Carpizo, Montes, Islas, Lozano y todos los togados y birreteados debieran tomar clases de Derecho Penal con los taxistas y los vendetacos y cometacos mosqueados de Abel Quezada. Cada mexicano se ha vuelto un Padre Brown o un Sam Spade; compara Aburtos como quien compara alcachofas y remolachas, todas bien parecidas pero todas bien diferentes; urde complots, demasiado elaborados, pero bien creíbles menos inverosímiles, por ejemplo, que las mil-y-una-nochesca cifra de los más de 100 millones de dólares que le aparecieron a Raúl Salinas, sobre todo si se tiene en cuenta que el villano Caecescu de Rumania sólo se le comprobó un pálido milloncito; todo prócer de nuestra nomenklatura está bajo sospecha, todo político es capaz de mandar matar, incluso con el barroquísimo plan de matar para no matar, como se ha dicho estos días que a Colosio lo había mandado matar Córdoba para que no resultara completamente asesinado, sino nomás un poquito.
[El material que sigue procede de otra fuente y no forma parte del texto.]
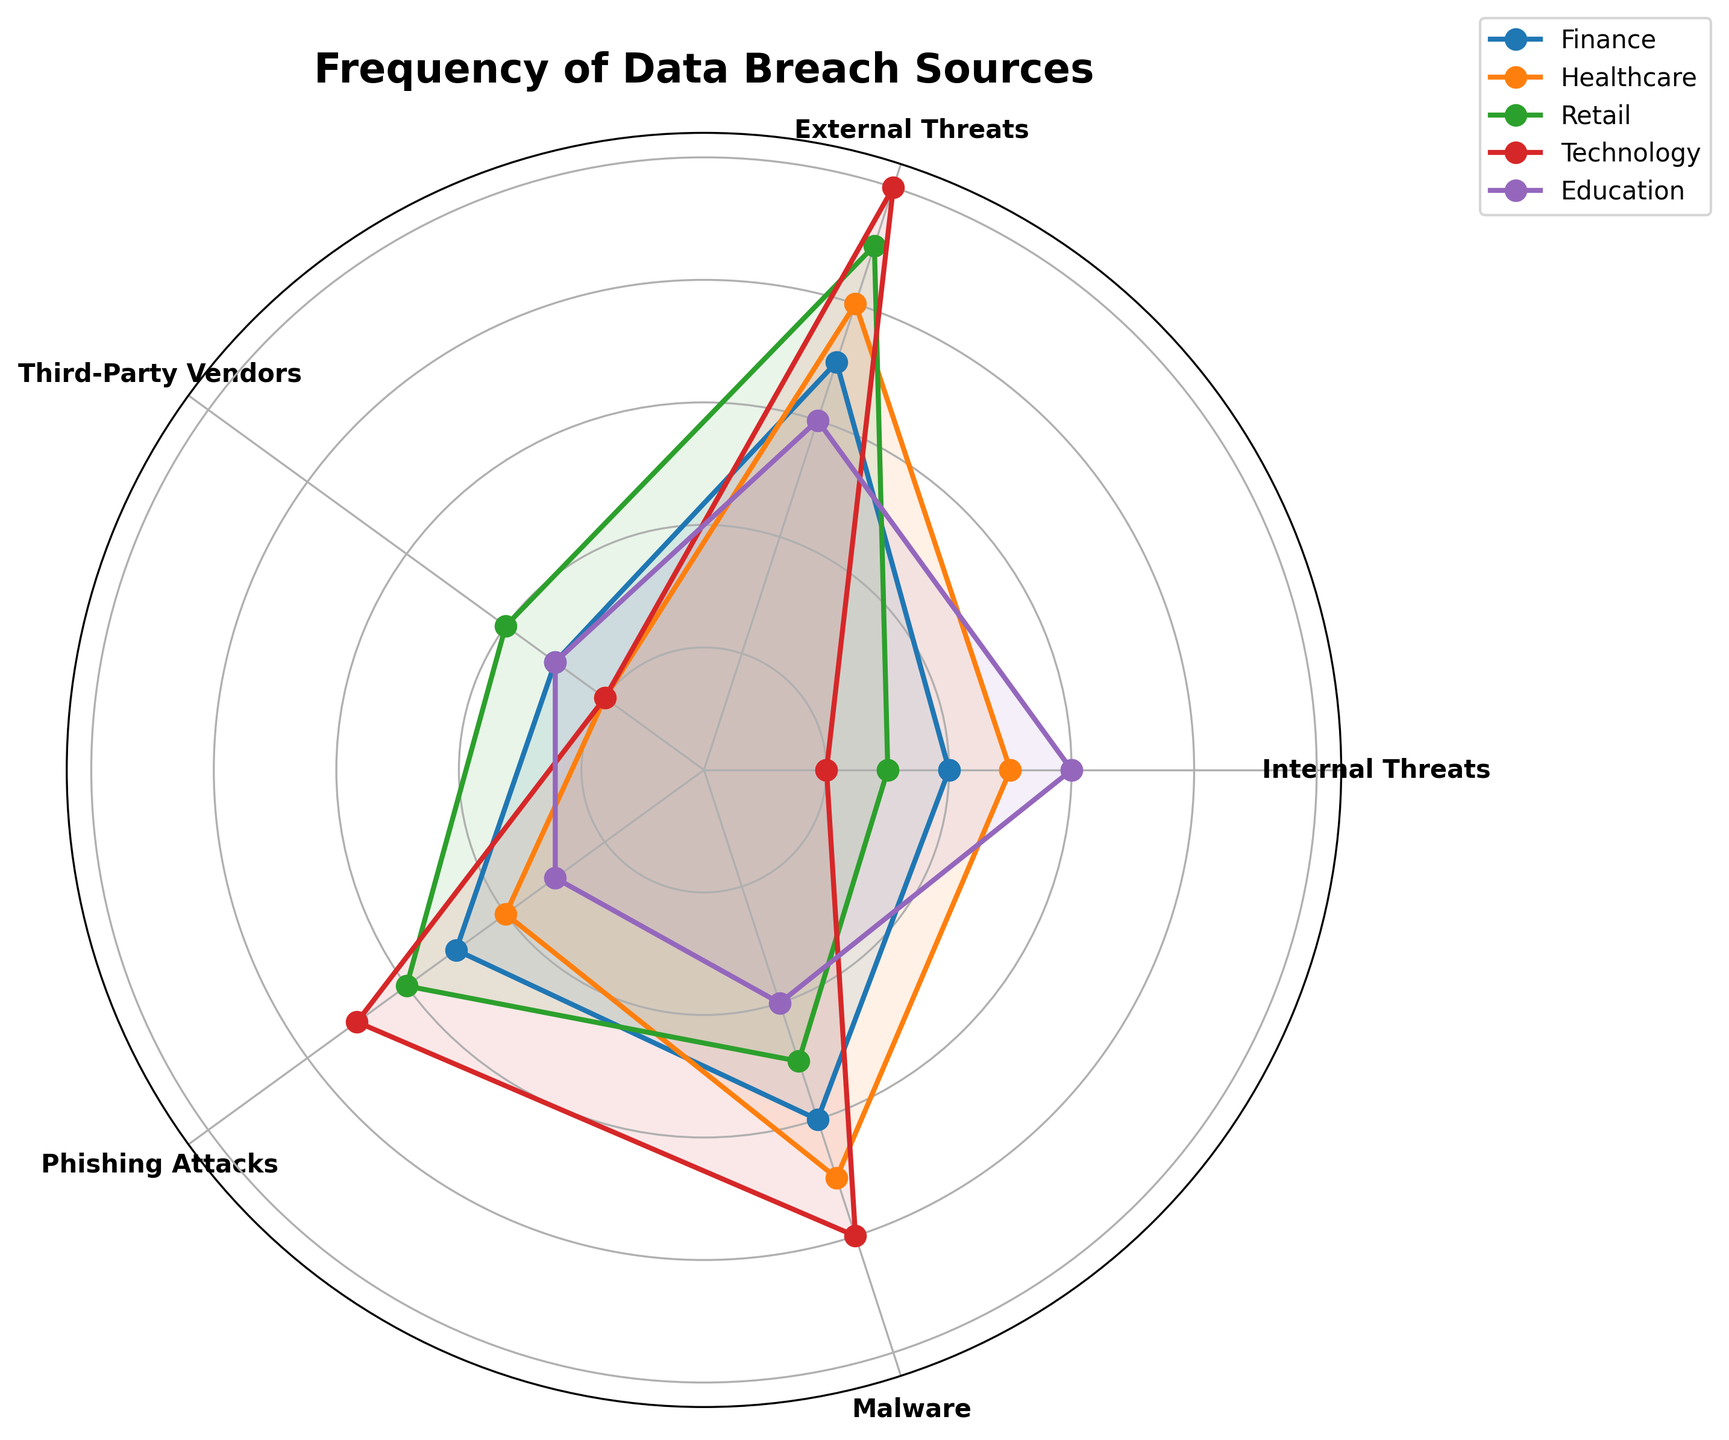What is the title of the figure? The title is located at the top of the figure, summarizing its content.
Answer: Frequency of Data Breach Sources Which category shows the highest frequency for External Threats? Identify the category with the longest line in the External Threats section of the radar chart.
Answer: Technology How many categories are represented in the figure? Count the number of distinct labeled lines (categories) in the radar chart.
Answer: Five What is the combined frequency of Internal Threats and Phishing Attacks for the Finance category? Add the frequencies of Internal Threats and Phishing Attacks for Finance (20 + 25).
Answer: 45 Which data breach source has the lowest frequency in the Technology category? Identify the segment with the shortest line in the Technology category.
Answer: Internal Threats Which category has equal frequencies for Internal Threats and Third-Party Vendors? Find the category where the two data points for Internal Threats and Third-Party Vendors align on the radar chart.
Answer: Education Compare the frequencies of Malware attacks in Healthcare and Retail categories. Locate and compare the frequencies in the Malware section for Healthcare and Retail.
Answer: Healthcare > Retail Which sector has the smallest difference between Internal Threats and External Threats? Calculate the differences for each sector and identify the smallest one. (Education: 0, Finance: 15, Healthcare: 15, Retail: 30, Technology: 40)
Answer: Education Out of all categories, which has the highest overall frequency for Phishing Attacks? Look for the longest line in the Phishing Attacks segment across all categories.
Answer: Technology What is the average frequency of Third-Party Vendors for all categories? Sum the frequencies for Third-Party Vendors across all categories and divide by the number of categories ((15 + 10 + 20 + 10 + 15) / 5).
Answer: 14

Uno de los dogmas bien enraizados en la cultura mexicana durante décadas, y que el salinato-zedillismo echó por tierra, era la imposibilidad de la literatura policiaca en México. Se decía que en un país de recomendados, influyentes, confesiones bajo tortura, invención de culpables, fabricación de pruebas, demagogia de juristas y venalidad de jueces, jamás prosperaría la limpieza matemática de una novela de detectives.

Ahora no se inventa otra cosa en los taxis ni en los puestos de tacos, para no hablar de las cantinas (donde los borrachos metidos a penalistas resultan, de cualquier manera, más inteligentes que los penalistas que piensan y hablan como borrachos).

Pero es un detectivismo surrealista, tropical, profuso, telenovelero; exuberantes crímenes tropicales de realismo mágico. Hubo salinato en el asesinato? Fue un asesinato sin salinato? Fue el asesinato de Colosio, tan sin Salinas, un a-salinato?